Data for review:
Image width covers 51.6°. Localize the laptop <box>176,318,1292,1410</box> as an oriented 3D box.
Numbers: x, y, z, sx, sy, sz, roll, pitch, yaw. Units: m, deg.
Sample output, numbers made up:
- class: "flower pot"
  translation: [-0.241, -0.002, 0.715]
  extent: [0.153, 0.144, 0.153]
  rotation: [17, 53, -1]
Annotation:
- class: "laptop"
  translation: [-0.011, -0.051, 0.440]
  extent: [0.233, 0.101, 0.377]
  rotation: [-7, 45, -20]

...

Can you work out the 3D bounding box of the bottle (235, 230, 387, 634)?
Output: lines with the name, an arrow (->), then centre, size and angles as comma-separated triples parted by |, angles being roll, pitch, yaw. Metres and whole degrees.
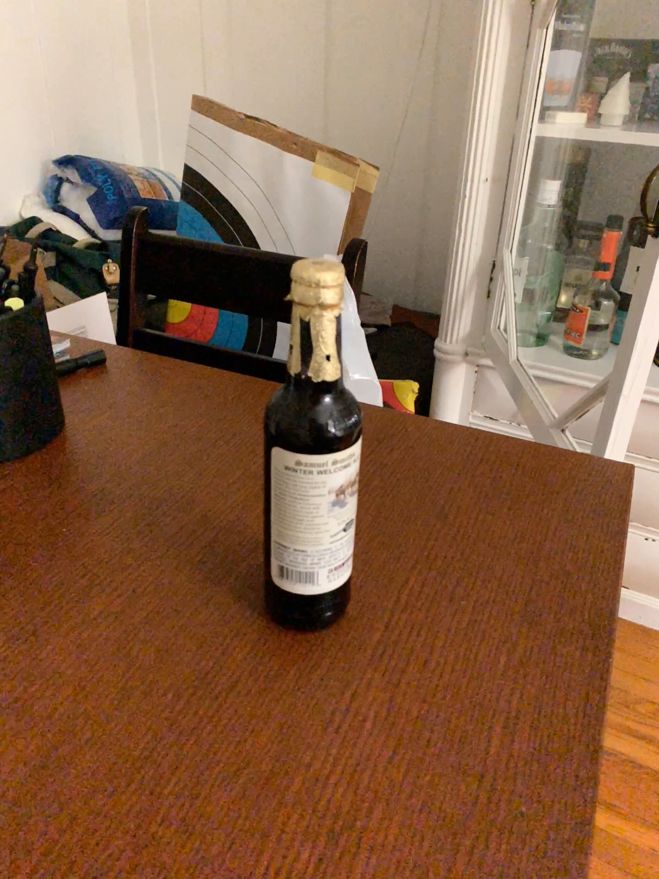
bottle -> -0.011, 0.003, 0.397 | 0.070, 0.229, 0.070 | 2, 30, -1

What is required: Produce only the lines from the line containing "Image width covers" through the line containing "translation: [-0.241, -0.002, 0.715]", inclusive of both, exactly as they stand in the entries above.

Expected output:
Image width covers 51.6°. Localize the laptop <box>176,318,1292,1410</box> as an oriented 3D box.
Numbers: x, y, z, sx, sy, sz, roll, pitch, yaw. Units: m, deg.
Sample output, numbers made up:
- class: "flower pot"
  translation: [-0.241, -0.002, 0.715]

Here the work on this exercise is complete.